Creations Collection 1: sci fi alien romance Page 10
By Flor’s breast, he couldn’t have imagined another being created more perfectly to fit him. “But I don’t want you to obey my every whim.”
Erin’s scowl pleased him to no end. “Well, that’s good, because don’t think for a minute I’ll submit to you unless we’re like this.” She flushed. “I’m not your servant.”
“Good.”
“I won’t let you handle me. I’m done with that life.”
“About time, if you asked me.”
“I didn’t work my entire life to find freedom only to give it up to a— What did you say?”
15
Rafe laughed. “Baby, I like you feisty. I like strong women with intelligence, drive, and beauty. Not to mention a body that has me hard from just a look. I want you to trust me, Erin. To really trust me. And quit thinking about yourself as a Creation. You were a prisoner, same as your brother and sister, that Blue Rim experimented on.

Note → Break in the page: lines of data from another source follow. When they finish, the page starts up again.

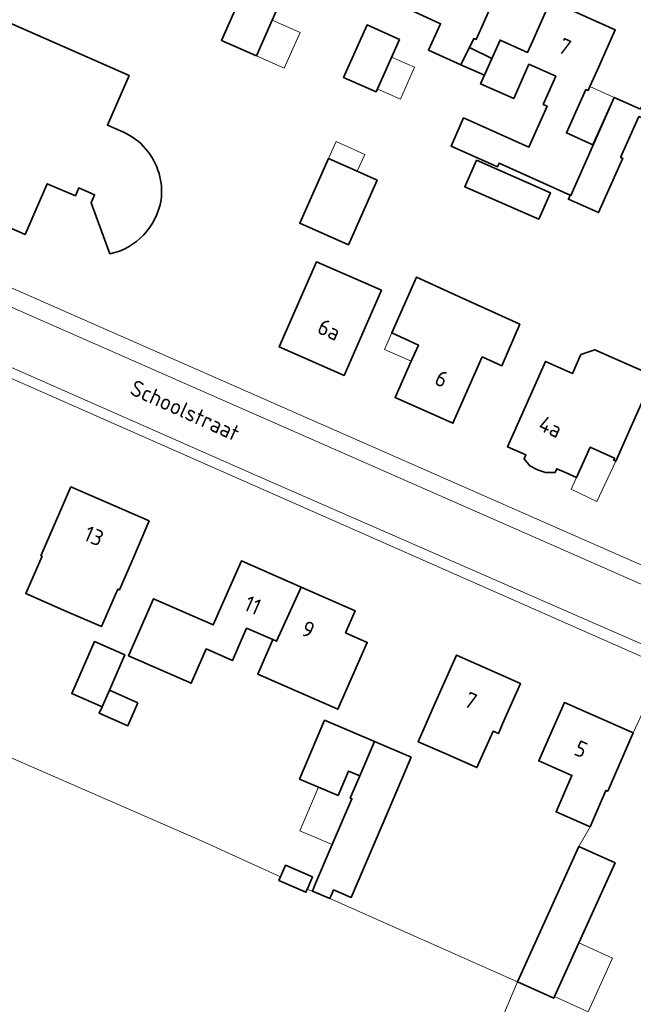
# Model space of a CAD drawing. Header units: metres. Extents: x 178952 to 185583, y 415201 to 419317.
# Tile 56 of 165: x 182024 to 182094, y 416866 to 416977. Entities that reach past the tile are written whole.
import ezdxf
from ezdxf.enums import TextEntityAlignment as Align

# ---------------------------------------------------------------- set-up
doc = ezdxf.new("R2010")
doc.units = ezdxf.units.M
for name, color, linetype, lineweight in [('B-XX-OG-BEBOUWING-GV', 252, 'Continuous', 35), ('B-XX-OG-BEBOUWING-T18', 252, 'Continuous', 18), ('B-XX-OG-BEBOUWING_OVERBOUWING-GV', 252, 'Continuous', 18), ('B-XX-OG-BEBOUWING_SCHUUR-GV', 252, 'Continuous', 35), ('B-XX-OG-TERREIN_CULTUURSCHEIDING-GV', 253, 'Continuous', 18), ('B-XX-OG-TERREIN_ERF-GV', 253, 'Continuous', 18), ('B-XX-OG-TOPOGRAFIE-T18', 253, 'Continuous', 18), ('B-XX-VH-VERHARDING_ASFALT-GV', 251, 'Continuous', 18), ('B-XX-VH-VERHARDING_BETONSTRAATSTEEN-GV', 251, 'Continuous', 18), ('B-XX-VH-VERHARDING_TEGEL-GV', 251, 'Continuous', 18)]:
    doc.layers.add(name, color=color, linetype=linetype, lineweight=lineweight)
doc.styles.add('NLCS-ISO-M-T18', font='NLCS-ISO.ttf', dxfattribs={"height": 1.8})

msp = doc.modelspace()

# ---------------------------------------------------------------- linework, layer by layer
at = {"layer": 'B-XX-OG-BEBOUWING-GV'}
for points in [[(182078.91, 416981.34), (182070.87, 416984.912), (182068.85, 416980.332), (182067.928, 416978.242), (182071.926, 416976.428), (182070.556, 416973.448), (182074.225, 416971.806), (182075.68, 416974.757), (182075.942, 416974.659), (182076.88, 416976.77)], [(182052.938, 416976.843), (182053.883, 416978.984), (182049.957, 416980.739), (182047.223, 416974.545), (182051.157, 416972.808)], [(182088.319, 416968.997), (182088.574, 416968.883), (182088.784, 416969.354), (182089.591, 416971.162), (182091.63, 416975.732), (182084.33, 416978.992), (182082.29, 416974.421), (182081.741, 416973.191), (182078.643, 416974.573), (182076.449, 416969.656), (182080.176, 416967.993), (182081.902, 416971.861), (182084.928, 416970.511), (182083.504, 416967.321), (182083.952, 416967.121), (182081.894, 416962.511), (182074.532, 416965.798), (182073.113, 416962.621), (182078.346, 416960.285), (182078.524, 416960.685), (182086.556, 416957.099), (182086.627, 416957.067), (182091.529, 416968.117), (182091.52, 416968.121), (182089.107, 416962.762), (182086.128, 416964.104), (182086.895, 416965.807)], [(182067.288, 416974.666), (182063.635, 416976.295), (182060.992, 416970.368), (182064.645, 416968.739)], [(182103.313, 416970.546), (182097.34, 416973.21), (182095.3, 416968.64), (182094.468, 416966.793), (182091.529, 416968.117), (182086.627, 416957.067), (182086.556, 416957.099), (182086.35, 416956.636), (182089.748, 416955.118), (182092.482, 416961.243), (182092.242, 416961.35), (182094.3, 416965.959), (182100.119, 416963.341)], [(182064.777, 416958.78), (182062.536, 416959.784), (182059.29, 416961.238), (182056.043, 416953.925), (182061.527, 416951.493)], [(182065.258, 416946.358), (182057.949, 416949.568), (182053.729, 416939.965), (182061.041, 416936.757)], [(182080.861, 416942.524), (182074.483, 416945.439), (182069.23, 416947.84), (182066.429, 416941.549), (182069.431, 416940.179), (182068.619, 416938.352), (182066.802, 416934.267), (182073.325, 416931.36), (182076.63, 416938.843), (182078.852, 416937.853)], [(182095.981, 416936.697), (182089.317, 416939.654), (182087.763, 416939.095), (182086.822, 416936.975), (182083.756, 416938.335), (182081.508, 416933.266), (182079.481, 416928.695), (182081.548, 416927.779), (182081.347, 416927.326), (182082.012, 416926.568), (182082.862, 416926.088), (182083.78, 416925.807), (182084.849, 416925.786), (182085.045, 416926.228), (182086.033, 416925.79), (182087.264, 416925.223), (182087.27, 416925.22), (182088.79, 416928.651), (182091.559, 416927.423), (182091.462, 416927.204), (182091.718, 416927.091), (182093.746, 416931.661)], [(182039.07, 416920.332), (182030.23, 416924.182), (182028.23, 416919.602), (182026.843, 416916.413), (182026.962, 416916.361), (182025.123, 416912.134), (182029.709, 416910.139), (182033.661, 416908.42), (182035.5, 416912.647), (182035.693, 416912.563), (182037.08, 416915.752)], [(182050.05, 416908.257), (182053.02, 416906.952), (182053.42, 416906.776), (182056.188, 416912.871), (182049.45, 416915.82), (182046.29, 416908.6), (182039.545, 416911.553), (182036.732, 416905.128), (182043.792, 416902.037), (182045.481, 416905.894), (182048.44, 416904.593)], [(182061.199, 416907.712), (182062.29, 416910.2), (182056.188, 416912.871), (182053.42, 416906.776), (182053.02, 416906.952), (182051.31, 416903.053), (182060.344, 416899.091), (182063.653, 416906.636)], [(182036.323, 416905.252), (182032.898, 416906.752), (182030.316, 416900.855), (182033.741, 416899.356), (182034.565, 416901.238)], [(182080.96, 416902.012), (182073.74, 416905.212), (182071.71, 416900.642), (182071.222, 416899.538), (182069.408, 416895.434), (182072.373, 416894.124), (182076.031, 416892.508), (182077.844, 416896.612), (182078.446, 416896.346), (182078.93, 416897.441)], [(182093.67, 416896.431), (182085.9, 416899.851), (182083.89, 416895.271), (182083.011, 416893.261), (182086.756, 416891.622), (182084.961, 416887.521), (182088.789, 416885.846), (182090.58, 416889.938), (182090.781, 416889.85), (182091.66, 416891.86)], [(182064.468, 416895.449), (182058.85, 416897.849), (182056.014, 416891.212), (182058.155, 416890.298), (182060.369, 416889.352), (182061.556, 416892.129), (182062.819, 416891.589)], [(182065.894, 416887.339), (182068.604, 416893.682), (182064.468, 416895.449), (182062.819, 416891.589), (182061.747, 416889.08), (182061.928, 416889.002), (182059.716, 416883.825), (182057.721, 416879.157), (182057.478, 416878.588), (182059.436, 416877.751), (182059.697, 416878.361), (182059.848, 416878.716), (182061.845, 416877.863)], [(182091.627, 416881.777), (182087.542, 416883.628), (182080.615, 416868.345), (182084.7, 416866.494), (182084.786, 416866.684), (182087.526, 416872.729)]]:
    msp.add_lwpolyline(points, close=True, dxfattribs=at)
msp.add_lwpolyline([(182036.09, 416964.22), (182034.337, 416965.002), (182036.784, 416970.57), (182010.099, 416982.348), (182007.245, 416975.881), (182005.025, 416970.852), (182005.299, 416970.731), (182005.771, 416971.802), (182008.608, 416970.552), (182008.135, 416969.479), (182004.67, 416961.611), (182025.06, 416952.632), (182027.555, 416958.383), (182030.727, 416957.025), (182031.118, 416957.909), (182032.894, 416957.129), (182032.492, 416956.214), (182034.623, 416950.459)], dxfattribs=at)
for points in [[(182040.166, 416959.534, 0.2223267), (182036.09, 416964.22)], [(182040.39, 416956.544, 0.1009878), (182040.166, 416959.534)], [(182034.623, 416950.459, 0.3067847), (182040.39, 416956.544)]]:
    msp.add_lwpolyline(points, format="xyb", dxfattribs=at)
at = {"layer": 'B-XX-OG-BEBOUWING_OVERBOUWING-GV'}
for points in [[(182056.082, 416975.455), (182052.938, 416976.843), (182051.157, 416972.808), (182054.301, 416971.42)], [(182066.399, 416972.672), (182064.79, 416969.064), (182067.394, 416967.903), (182069.003, 416971.511)], [(182091.52, 416968.121), (182088.784, 416969.354), (182088.574, 416968.883), (182088.319, 416968.997), (182086.895, 416965.807), (182086.128, 416964.104), (182089.107, 416962.762)], [(182063.391, 416961.691), (182060.133, 416963.138), (182059.29, 416961.238), (182062.536, 416959.784)], [(182069.431, 416940.179), (182066.429, 416941.549), (182065.605, 416939.683), (182068.619, 416938.352)], [(182091.718, 416927.091), (182091.462, 416927.204), (182091.559, 416927.423), (182088.79, 416928.651), (182087.264, 416925.223), (182086.679, 416923.907), (182089.549, 416922.525)], [(182061.928, 416889.002), (182061.747, 416889.08), (182062.819, 416891.589), (182061.556, 416892.129), (182060.369, 416889.352), (182058.155, 416890.298), (182056.058, 416885.388), (182059.716, 416883.825)], [(182091.314, 416871.012), (182087.526, 416872.729), (182084.786, 416866.684), (182088.575, 416864.967)]]:
    msp.add_lwpolyline(points, close=True, dxfattribs=at)
at = {"layer": 'B-XX-OG-BEBOUWING_SCHUUR-GV'}
for points in [[(182075.179, 416973.741), (182074.225, 416971.806), (182076.878, 416970.619), (182077.714, 416972.491)], [(182075.973, 416961.022), (182074.663, 416958.031), (182083.01, 416954.376), (182084.32, 416957.367)], [(182037.778, 416899.831), (182034.565, 416901.238), (182033.741, 416899.356), (182033.425, 416898.635), (182036.638, 416897.228)], [(182057.489, 416880.173), (182054.436, 416881.496), (182053.867, 416880.182), (182053.833, 416880.104), (182053.693, 416879.78), (182056.745, 416878.457), (182056.894, 416878.802), (182056.905, 416878.826)]]:
    msp.add_lwpolyline(points, close=True, dxfattribs=at)
at = {"layer": 'B-XX-OG-TERREIN_CULTUURSCHEIDING-GV'}
msp.add_lwpolyline([(182023.684, 416847.08), (182030.656, 416862.936), (182032.792, 416861.939), (182053.401, 416852.326), (182053.591, 416852.741), (182067.096, 416846.174), (182072.183, 416848.483), (182080.615, 416868.345), (182059.436, 416877.751), (182057.478, 416878.588), (182056.894, 416878.802), (182056.745, 416878.457), (182053.693, 416879.78), (182053.833, 416880.104), (182053.867, 416880.182), (182044.974, 416884.236), (182029.676, 416890.917), (181989.544, 416908.446)], dxfattribs=at)
at = {"layer": 'B-XX-OG-TERREIN_ERF-GV'}
for points in [[(182078.91, 416981.34), (182076.88, 416976.77), (182075.942, 416974.659), (182075.68, 416974.757), (182074.225, 416971.806), (182070.556, 416973.448), (182071.926, 416976.428), (182067.928, 416978.242), (182068.85, 416980.332), (182070.87, 416984.912)], [(182051.157, 416972.808), (182047.223, 416974.545), (182049.957, 416980.739), (182053.883, 416978.984), (182052.938, 416976.843)], [(182067.288, 416974.666), (182064.645, 416968.739), (182060.992, 416970.368), (182063.635, 416976.295)], [(182064.777, 416958.78), (182061.527, 416951.493), (182056.043, 416953.925), (182059.29, 416961.238), (182062.536, 416959.784)], [(182065.258, 416946.358), (182061.041, 416936.757), (182053.729, 416939.965), (182057.949, 416949.568)], [(182066.429, 416941.549), (182069.23, 416947.84), (182074.483, 416945.439), (182080.861, 416942.524), (182078.852, 416937.853), (182076.63, 416938.843), (182073.325, 416931.36), (182066.802, 416934.267), (182068.619, 416938.352), (182069.431, 416940.179)], [(182087.264, 416925.223), (182086.033, 416925.79), (182085.045, 416926.228), (182084.849, 416925.786), (182083.78, 416925.807), (182082.862, 416926.088), (182082.012, 416926.568), (182081.347, 416927.326), (182081.548, 416927.779), (182079.481, 416928.695), (182081.508, 416933.266), (182083.756, 416938.335), (182086.822, 416936.975), (182087.763, 416939.095), (182089.317, 416939.654), (182095.981, 416936.697), (182093.746, 416931.661), (182091.718, 416927.091), (182091.462, 416927.204), (182091.559, 416927.423), (182088.79, 416928.651), (182087.27, 416925.22)], [(182039.07, 416920.332), (182037.08, 416915.752), (182035.693, 416912.563), (182035.5, 416912.647), (182033.661, 416908.42), (182029.709, 416910.139), (182025.123, 416912.134), (182026.962, 416916.361), (182026.843, 416916.413), (182028.23, 416919.602), (182030.23, 416924.182)], [(182050.05, 416908.257), (182048.44, 416904.593), (182045.481, 416905.894), (182043.792, 416902.037), (182036.732, 416905.128), (182039.545, 416911.553), (182046.29, 416908.6), (182049.45, 416915.82), (182056.188, 416912.871), (182062.29, 416910.2), (182061.199, 416907.712), (182063.653, 416906.636), (182060.344, 416899.091), (182051.31, 416903.053), (182053.02, 416906.952)], [(182033.741, 416899.356), (182030.316, 416900.855), (182032.898, 416906.752), (182036.323, 416905.252), (182034.565, 416901.238)], [(182080.96, 416902.012), (182078.93, 416897.441), (182078.446, 416896.346), (182077.844, 416896.612), (182076.031, 416892.508), (182072.373, 416894.124), (182069.408, 416895.434), (182071.222, 416899.538), (182071.71, 416900.642), (182073.74, 416905.212)]]:
    msp.add_lwpolyline(points, close=True, dxfattribs=at)
for points in [[(182034.623, 416950.459), (182032.492, 416956.214), (182032.894, 416957.129), (182031.118, 416957.909), (182030.727, 416957.025), (182027.555, 416958.383), (182025.06, 416952.632), (182004.67, 416961.611), (182008.135, 416969.479), (182008.608, 416970.552), (182005.771, 416971.802), (182005.299, 416970.731), (182005.025, 416970.852), (182007.245, 416975.881), (182010.099, 416982.348), (182036.784, 416970.57), (182034.337, 416965.002), (182036.09, 416964.22)], [(182094.3, 416965.959), (182092.242, 416961.35), (182092.482, 416961.243), (182089.748, 416955.118), (182086.35, 416956.636), (182086.556, 416957.099), (182078.524, 416960.685), (182078.346, 416960.285), (182073.113, 416962.621), (182074.532, 416965.798), (182081.894, 416962.511), (182083.952, 416967.121), (182083.504, 416967.321), (182084.928, 416970.511), (182081.902, 416971.861), (182080.176, 416967.993), (182076.449, 416969.656), (182078.643, 416974.573), (182081.741, 416973.191), (182082.29, 416974.421), (182084.33, 416978.992), (182091.63, 416975.732), (182089.591, 416971.162), (182088.784, 416969.354), (182088.574, 416968.883), (182088.319, 416968.997), (182086.895, 416965.807), (182086.128, 416964.104), (182089.107, 416962.762), (182091.52, 416968.121), (182091.529, 416968.117), (182094.468, 416966.793)], [(181966.338, 416971.75), (182100.967, 416912.562), (182106.427, 416910.161), (182121.886, 416903.365), (182129.74, 416899.912), (182133.84, 416898.362), (182141.01, 416932.502), (182114.54, 416946.531)], [(181989.544, 416908.446), (182029.676, 416890.917), (182044.974, 416884.236), (182053.867, 416880.182), (182053.833, 416880.104), (182053.693, 416879.78), (182056.745, 416878.457), (182056.894, 416878.802), (182057.478, 416878.588), (182057.721, 416879.157), (182059.716, 416883.825), (182061.928, 416889.002), (182061.747, 416889.08), (182062.819, 416891.589), (182061.556, 416892.129), (182060.369, 416889.352), (182058.155, 416890.298), (182056.014, 416891.212), (182058.85, 416897.849), (182064.468, 416895.449), (182068.604, 416893.682), (182065.894, 416887.339), (182061.845, 416877.863), (182059.848, 416878.716), (182059.697, 416878.361), (182059.436, 416877.751), (182080.615, 416868.345), (182087.542, 416883.628), (182088.789, 416885.846), (182084.961, 416887.521), (182086.756, 416891.622), (182083.011, 416893.261), (182083.89, 416895.271), (182085.9, 416899.851), (182093.67, 416896.431), (182097.157, 416903.9), (181950.12, 416968.782)], [(182132.191, 416888.441), (182097.157, 416903.9), (182093.67, 416896.431), (182091.66, 416891.86), (182090.781, 416889.85), (182090.58, 416889.938), (182088.789, 416885.846), (182087.542, 416883.628), (182091.627, 416881.777), (182087.526, 416872.729), (182084.786, 416866.684), (182084.7, 416866.494), (182080.615, 416868.345), (182072.183, 416848.483), (182067.096, 416846.174), (182053.591, 416852.741), (182053.401, 416852.326), (182032.792, 416861.939), (182030.656, 416862.936), (182023.684, 416847.08)]]:
    msp.add_lwpolyline(points, dxfattribs=at)
for points in [[(182036.09, 416964.22, -0.2223267), (182040.166, 416959.534)], [(182040.166, 416959.534, -0.1009878), (182040.39, 416956.544)], [(182040.39, 416956.544, -0.3067847), (182034.623, 416950.459)]]:
    msp.add_lwpolyline(points, format="xyb", dxfattribs=at)
at = {"layer": 'B-XX-VH-VERHARDING_ASFALT-GV'}
msp.add_lwpolyline([(182015.419, 416947.999), (182012.912, 416942.304), (182051.251, 416925.422), (182130.256, 416890.887), (182132.602, 416896.733), (182129.07, 416898.042), (182121.088, 416901.55)], close=True, dxfattribs=at)
at = {"layer": 'B-XX-VH-VERHARDING_BETONSTRAATSTEEN-GV'}
msp.add_lwpolyline([(182133.88, 416889.302), (182132.531, 416889.892), (182130.256, 416890.887), (182051.251, 416925.422), (182012.912, 416942.304), (182004.943, 416945.812), (181950.46, 416969.802), (181947.48, 416971.349), (181945.26, 416972.762), (181940.195, 416976.292), (181939.99, 416976.082), (181939.3, 416975.261), (181940.756, 416974.195), (181942.25, 416973.101), (181944.73, 416971.502), (181947.05, 416970.222), (181950.12, 416968.782), (182097.157, 416903.9)], dxfattribs=at)
at = {"layer": 'B-XX-VH-VERHARDING_TEGEL-GV'}
msp.add_lwpolyline([(181966.338, 416971.75), (181965.547, 416969.921), (182007.448, 416951.503), (182015.419, 416947.999), (182121.088, 416901.55), (182121.886, 416903.365), (182106.427, 416910.161), (182100.967, 416912.562)], close=True, dxfattribs=at)

# ---------------------------------------------------------------- texts
at = {"layer": 'B-XX-OG-BEBOUWING-T18', "style": 'NLCS-ISO-M-T18'}
for s, rotation, p in [('7', 335.9, (182085.94, 416973.838)), ('6a', 336.3, (182059.359, 416941.918)), ('6', 336, (182072.041, 416936.38)), ('4a', 336.1, (182084.33, 416930.968)), ('13', 336.5, (182032.813, 416918.64)), ('11', 336.3, (182050.735, 416910.837)), ('9', 336.3, (182056.987, 416908.101)), ('7', 336.1, (182075.331, 416900.076)), ('5', 336.2, (182087.778, 416894.6))]:
    msp.add_text(s, height=1.8, rotation=rotation, dxfattribs=at).set_placement(p, align=Align.MIDDLE_CENTER)
at = {"layer": 'B-XX-OG-TOPOGRAFIE-T18', "style": 'NLCS-ISO-M-T18'}
msp.add_text('Schoolstraat', height=1.8, rotation=335.7, dxfattribs=at).set_placement((182043.1, 416932.803), align=Align.MIDDLE_CENTER)

doc.saveas('drawing.dxf')

“And that’s Flor’s honest truth. Just keep reminding yourself of that. Because no matter where you came from, you were mistreated and abused, and you didn’t deserve any of it. So forget about Creations and Handlers, because I’m sure as hell not going to tell anyone about your origins, and that you can count on.”
He didn’t feel good about having to lie to his family about her. But he knew he needed to, for Erin’s sake. Rafe refused to let her die because of some ancient law. Yes, those Creations had been lawless monsters. Erin was anything but.
“Your sister and brother, are they like you?” He needed to know. He’d hate to have to put down her family, but he couldn’t risk the danger they presented if they weren’t like Erin.
“No. Anin’s much softer, very pliable, dangerously so. Ryen…he’s pretty fierce. I don’t know how else to describe him.”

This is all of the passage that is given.